Um padrão que já vinha sendo sinalizado pelo mercado antes do anúncio oficial
Antes mesmo da confirmação oficial, veículos de tecnologia já vinham noticiando que a Microsoft se preparava para anunciar uma nova onda de cortes, com estimativas que chegavam a cinco mil funcionários, segundo informações do Business Insider. Esse número é próximo do total finalmente confirmado pela empresa e reforça que o movimento não foi uma decisão repentina, mas parte de um processo de reestruturação que já estava em análise interna havia semanas. A companhia soma hoje algo em torno de 220 mil funcionários no mundo todo, o que ajuda a contextualizar o tamanho proporcional dos cortes anunciados.
Vale lembrar que a própria Microsoft já havia reduzido cerca de 4% de sua força de trabalho em julho de 2025, em uma rodada anterior de ajustes. Essa sequência de cortes ano após ano indica que o processo de reorganização interna da empresa é contínuo, e não um episódio isolado motivado apenas por um fator específico. Segundo analistas do mercado financeiro, a leitura mais precisa não é de que o setor de tecnologia esteja encolhendo, mas sim de que ele deixou de crescer no mesmo ritmo acelerado de alguns anos atrás, justamente porque grande parte dos investimentos está sendo redirecionada para infraestrutura de inteligência artificial.
Os bilhões investidos em inteligência artificial ajudam a explicar a conta
De acordo com Davi Lelis, sócio da Valor Investimentos, os cortes na Microsoft precisam ser entendidos dentro de um contexto financeiro específico. Ele destaca que, neste ano fiscal, a empresa deve destinar algo próximo de 190 bilhões de dólares a projetos de inteligência artificial, um aumento de quase 60% em relação ao período anterior. Para o analista, trata-se muito mais de uma realocação de recursos para custear essa expansão bilionária do que de um simples caso de substituição de trabalhadores por máquinas, ainda que os dois fenômenos acabem se sobrepondo na percepção do público.
Lelis também citou dados da consultoria Challenger, que atribuiu quase 88 mil demissões nos Estados Unidos, ao longo de 2026, diretamente à adoção de inteligência artificial pelas empresas, número que já supera o total registrado em todo o ano anterior. Esse dado ajuda a explicar por que o anúncio da Microsoft ganhou tanta repercussão, mesmo representando uma fração pequena do total de funcionários da companhia: ele se encaixa em uma tendência maior, que também já apareceu em cortes recentes anunciados por outras gigantes de tecnologia, como Meta e Amazon.
O que esperar da relação entre grandes empresas de tecnologia e inteligência artificial nos próximos meses
A unidade de games Xbox, especificamente, já vinha sob revisão constante de custos havia algum tempo, com especulações recorrentes sobre ajustes no orçamento de marketing e nas metas de produção de jogos. Esse histórico sugere que os cortes anunciados em julho não surgiram do nada, mas se somaram a uma pressão que já existia internamente sobre a divisão. Ao mesmo tempo, a companhia mantém o discurso público de que está apenas alinhando equipes a novas prioridades de mercado, e não promovendo uma substituição direta de pessoas por algoritmos.

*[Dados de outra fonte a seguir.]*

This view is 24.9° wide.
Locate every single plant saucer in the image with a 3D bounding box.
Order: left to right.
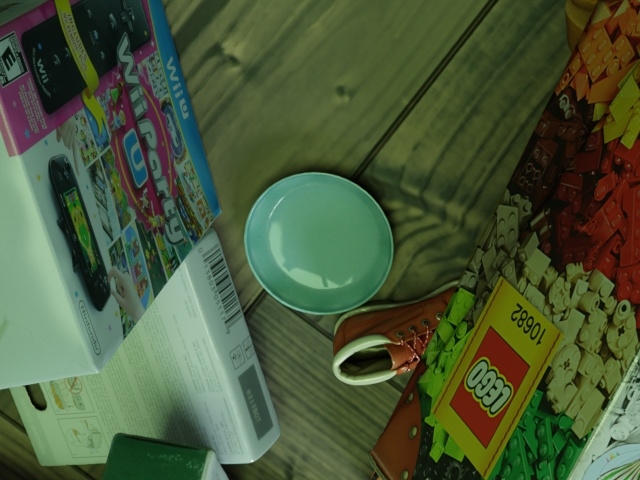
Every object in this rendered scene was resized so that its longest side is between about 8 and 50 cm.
[{"bbox_3d":[0.000,0.000,1.145,0.119,0.021,0.119,4,111,10],"label":"plant saucer"}]

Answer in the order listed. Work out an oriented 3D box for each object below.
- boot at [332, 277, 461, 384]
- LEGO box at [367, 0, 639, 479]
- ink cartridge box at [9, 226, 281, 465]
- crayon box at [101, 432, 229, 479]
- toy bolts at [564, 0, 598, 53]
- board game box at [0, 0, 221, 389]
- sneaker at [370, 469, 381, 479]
[{"bbox_3d":[0.083,0.075,1.123,0.158,0.084,0.059,-15,105,15],"label":"boot"},{"bbox_3d":[0.341,0.075,0.876,0.500,0.193,0.372,19,105,-25],"label":"LEGO box"},{"bbox_3d":[-0.163,0.094,1.209,0.232,0.066,0.189,-5,111,35],"label":"ink cartridge box"},{"bbox_3d":[-0.142,0.331,1.110,0.083,0.203,0.323,9,68,8],"label":"crayon box"},{"bbox_3d":[0.260,-0.209,0.919,0.228,0.218,0.158,7,125,1],"label":"toy bolts"},{"bbox_3d":[-0.178,-0.063,1.004,0.097,0.303,0.224,-10,108,15],"label":"board game box"},{"bbox_3d":[0.194,0.251,1.144,0.321,0.124,0.180,35,114,-3],"label":"sneaker"}]

Para o público em geral, o episódio da Microsoft funciona como um retrato relativamente claro do momento atual do setor de tecnologia: empresas continuam contratando e investindo pesado em inteligência artificial, mas ao mesmo tempo cortam vagas em áreas consideradas menos estratégicas para sustentar esse investimento. Esse equilíbrio, ainda incerto, deve continuar sendo acompanhado de perto por trabalhadores do setor, investidores e também por quem estuda o impacto da automação sobre o mercado de trabalho como um todo.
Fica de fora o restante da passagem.